**TASK STATEMENT**
Please restate word for word the lines of the entries below from the one with "The horizontal FOV" to the one with "Provide just the", inclusive, and leave out every picture.

DATA EXTRACTS Start Marker

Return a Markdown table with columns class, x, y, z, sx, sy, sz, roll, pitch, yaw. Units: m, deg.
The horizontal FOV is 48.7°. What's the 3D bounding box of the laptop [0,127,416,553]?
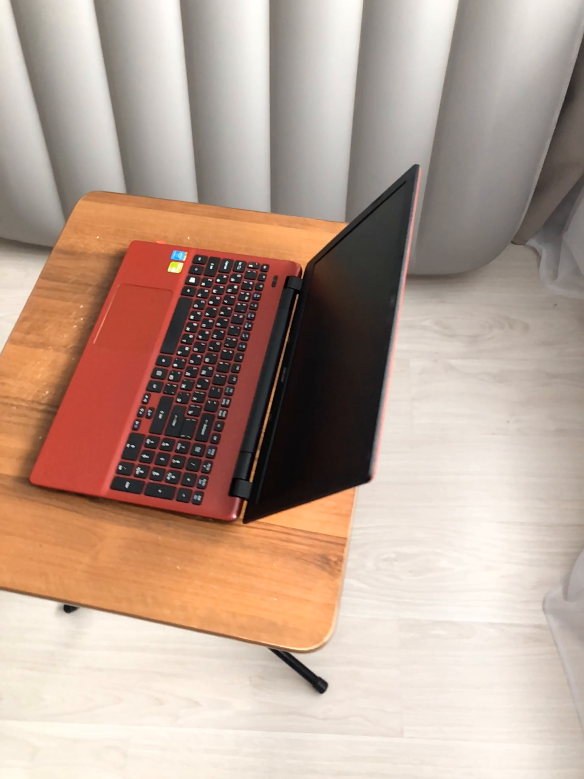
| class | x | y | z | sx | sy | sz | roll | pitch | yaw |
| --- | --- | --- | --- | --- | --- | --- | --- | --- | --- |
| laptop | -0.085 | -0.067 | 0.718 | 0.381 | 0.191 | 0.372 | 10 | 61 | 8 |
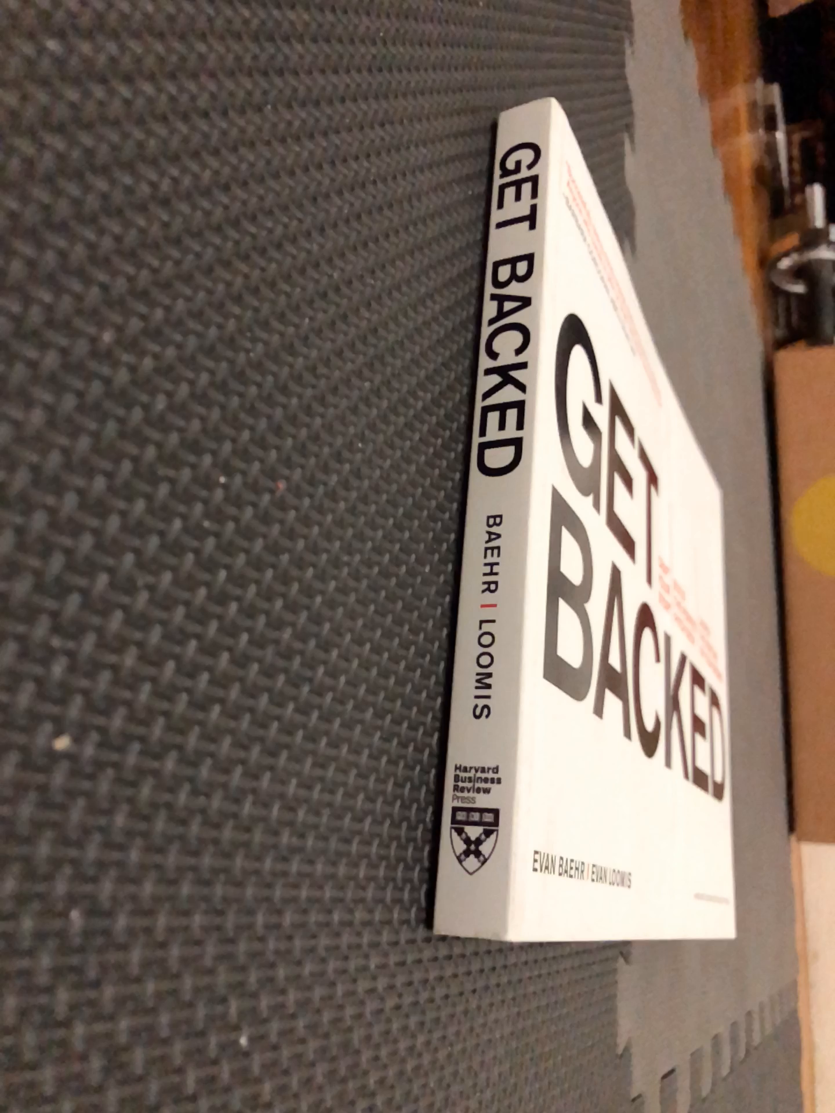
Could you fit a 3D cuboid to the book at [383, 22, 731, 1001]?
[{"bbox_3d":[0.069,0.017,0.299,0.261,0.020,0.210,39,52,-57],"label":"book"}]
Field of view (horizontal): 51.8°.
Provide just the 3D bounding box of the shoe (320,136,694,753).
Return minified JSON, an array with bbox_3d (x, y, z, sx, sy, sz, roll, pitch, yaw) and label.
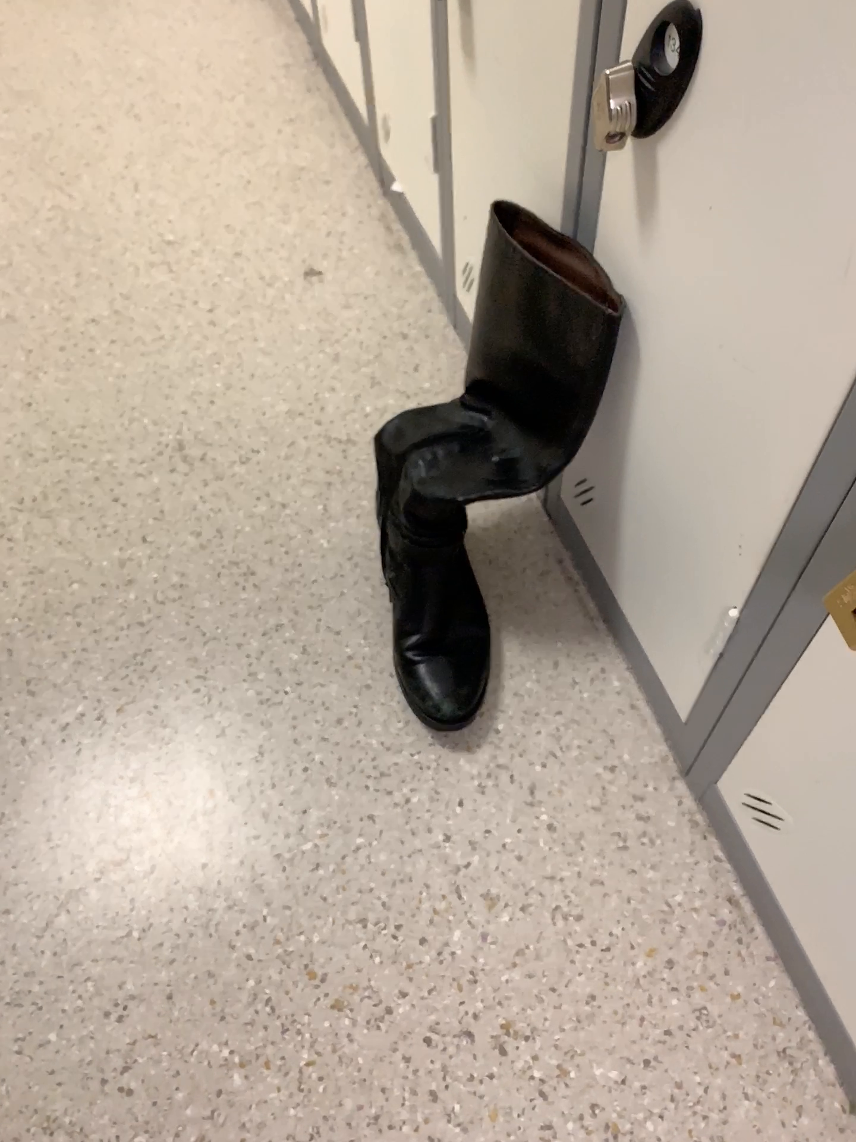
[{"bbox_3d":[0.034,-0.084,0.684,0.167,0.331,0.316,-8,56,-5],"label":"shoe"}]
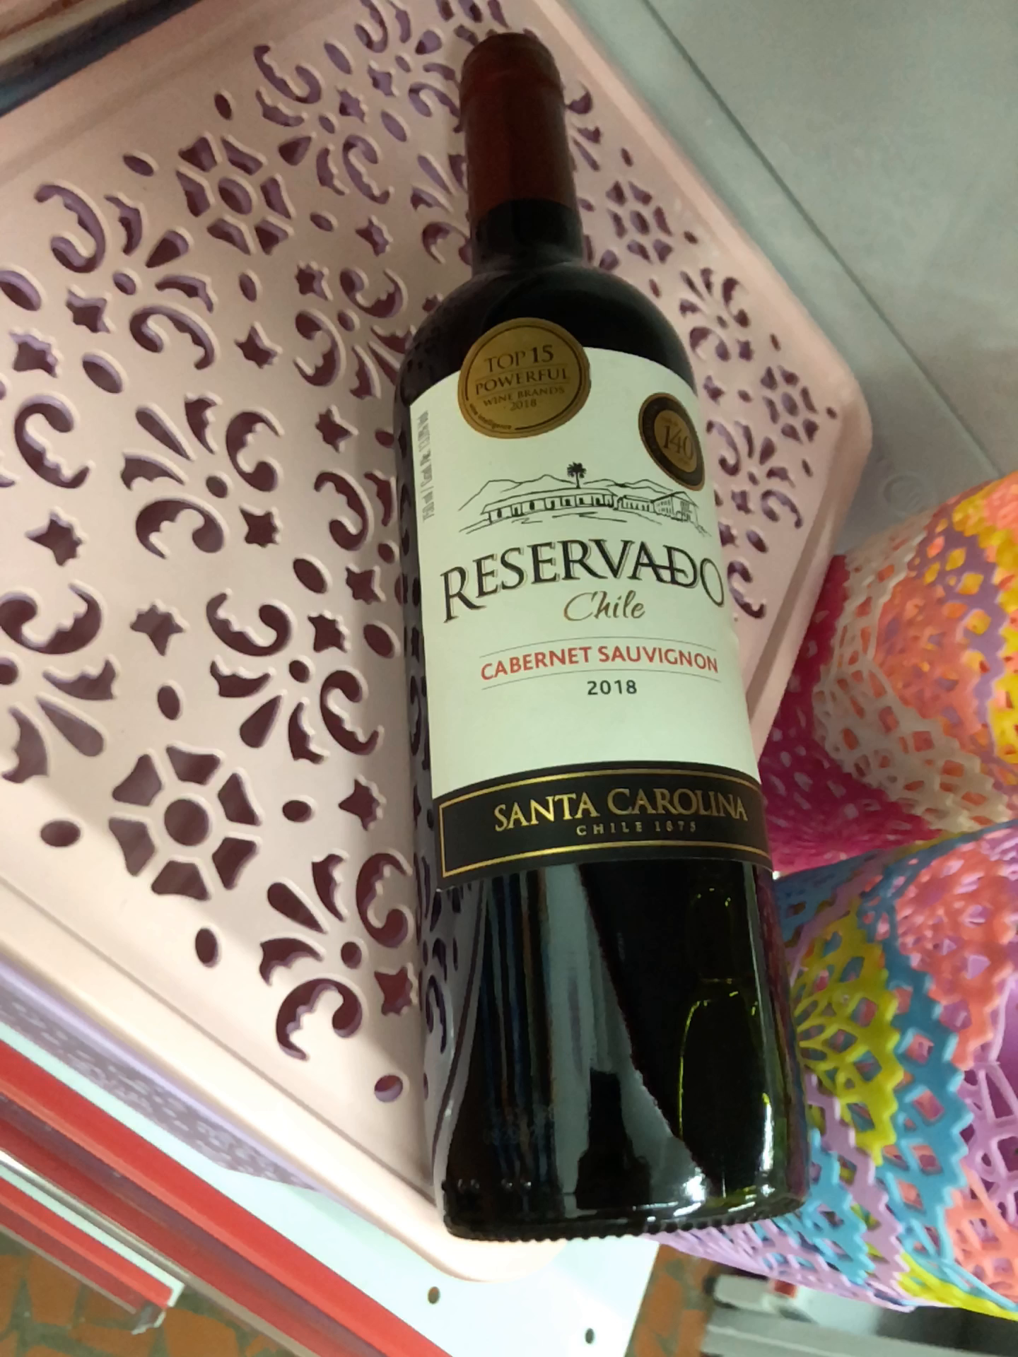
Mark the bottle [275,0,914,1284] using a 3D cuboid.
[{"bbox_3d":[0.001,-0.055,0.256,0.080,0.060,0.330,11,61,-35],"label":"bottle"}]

DATA EXTRACTS End Marker
DATA EXTRACTS Start Marker

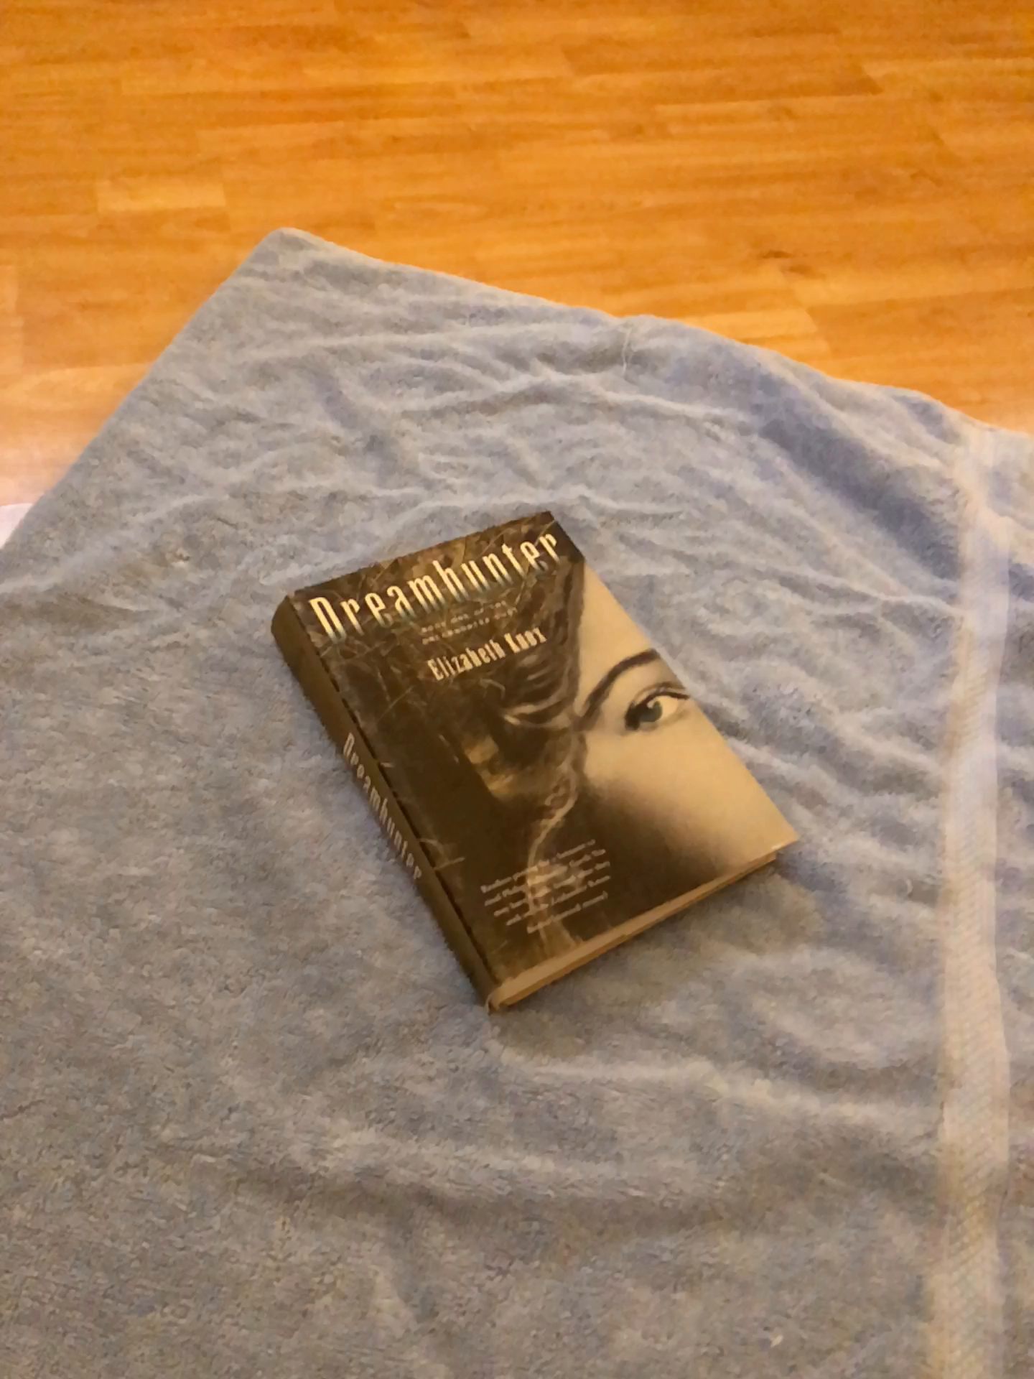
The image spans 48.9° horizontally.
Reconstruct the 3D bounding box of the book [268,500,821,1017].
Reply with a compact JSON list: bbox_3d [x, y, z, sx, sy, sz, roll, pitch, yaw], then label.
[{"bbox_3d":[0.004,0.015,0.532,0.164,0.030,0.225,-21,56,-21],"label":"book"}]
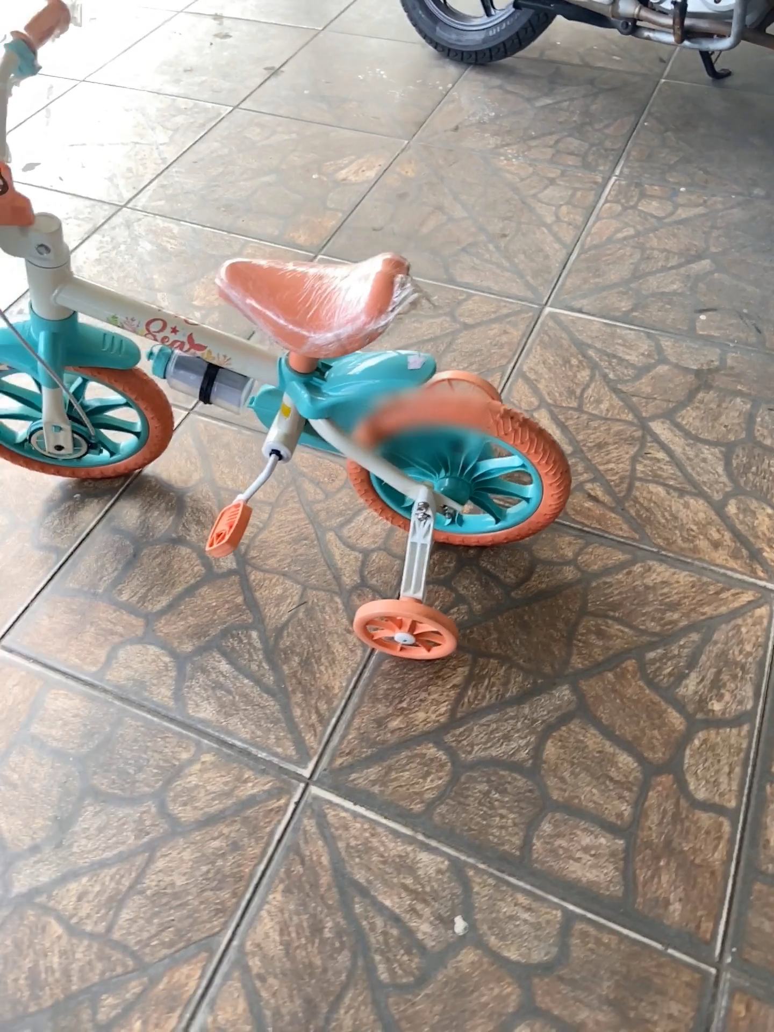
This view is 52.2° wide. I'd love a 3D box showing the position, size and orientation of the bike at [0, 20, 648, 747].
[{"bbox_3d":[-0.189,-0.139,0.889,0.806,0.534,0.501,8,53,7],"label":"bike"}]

DATA EXTRACTS End Marker
DATA EXTRACTS Start Marker

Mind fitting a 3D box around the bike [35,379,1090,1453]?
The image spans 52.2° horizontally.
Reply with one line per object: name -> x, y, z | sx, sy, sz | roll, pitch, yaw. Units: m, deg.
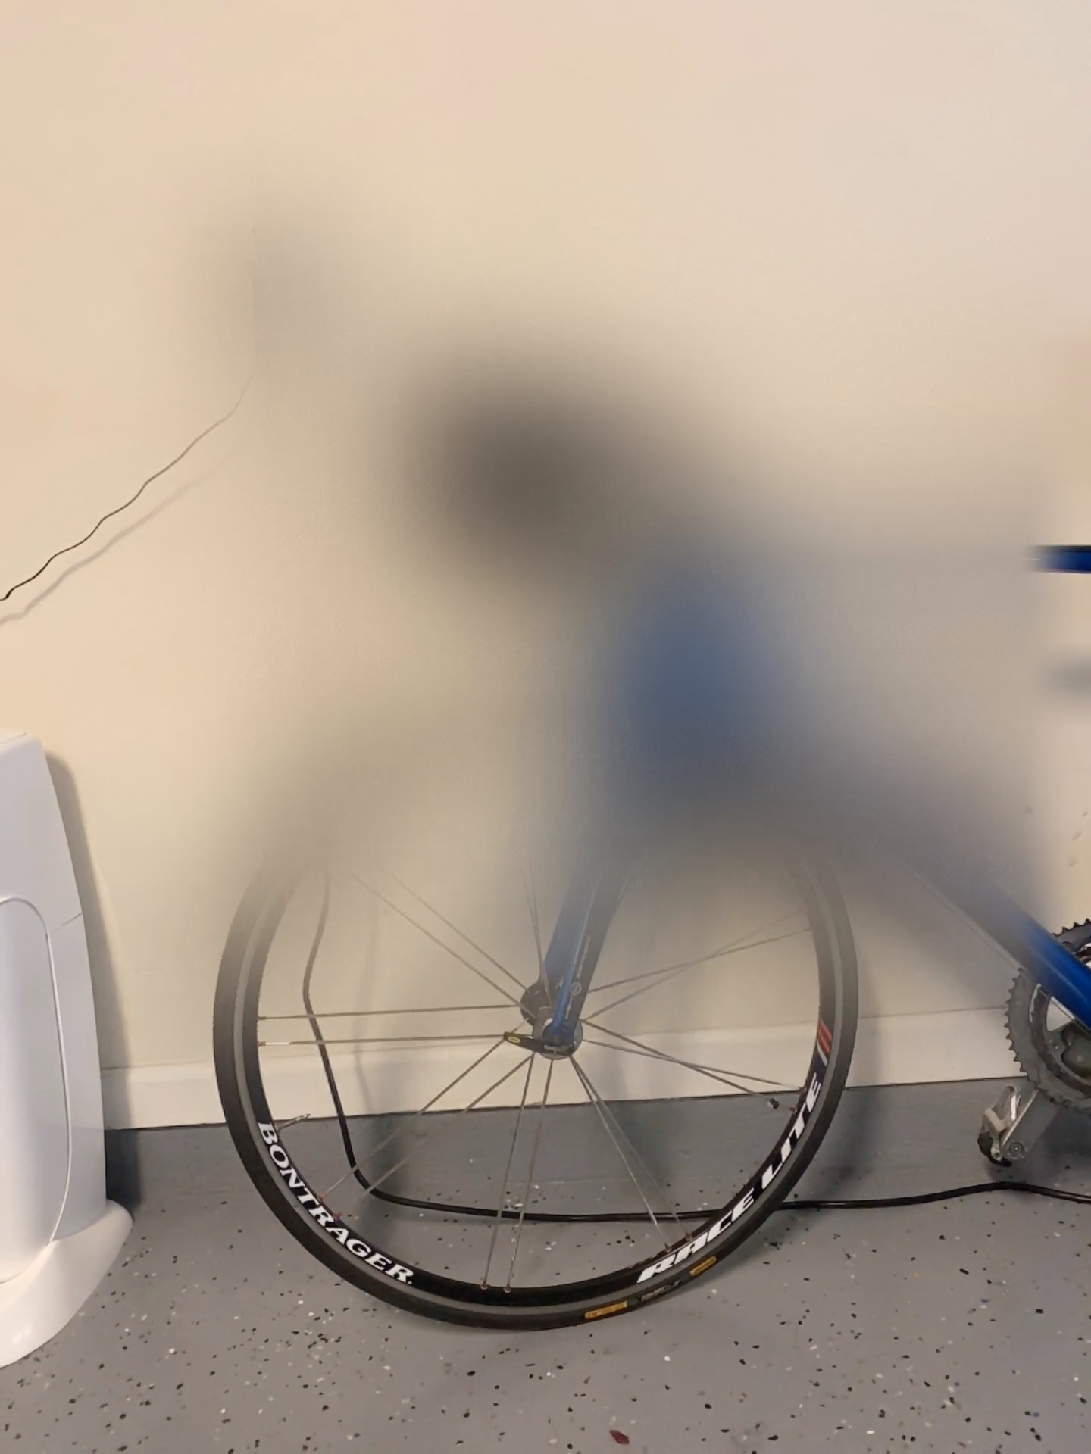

DATA EXTRACTS End Marker

**ANSWER SECTION**
The horizontal FOV is 48.7°. What's the 3D bounding box of the laptop [0,127,416,553]?
| class | x | y | z | sx | sy | sz | roll | pitch | yaw |
| --- | --- | --- | --- | --- | --- | --- | --- | --- | --- |
| laptop | -0.085 | -0.067 | 0.718 | 0.381 | 0.191 | 0.372 | 10 | 61 | 8 |
Could you fit a 3D cuboid to the book at [383, 22, 731, 1001]?
[{"bbox_3d":[0.069,0.017,0.299,0.261,0.020,0.210,39,52,-57],"label":"book"}]
Field of view (horizontal): 51.8°.
Provide just the 3D bounding box of the shoe (320,136,694,753).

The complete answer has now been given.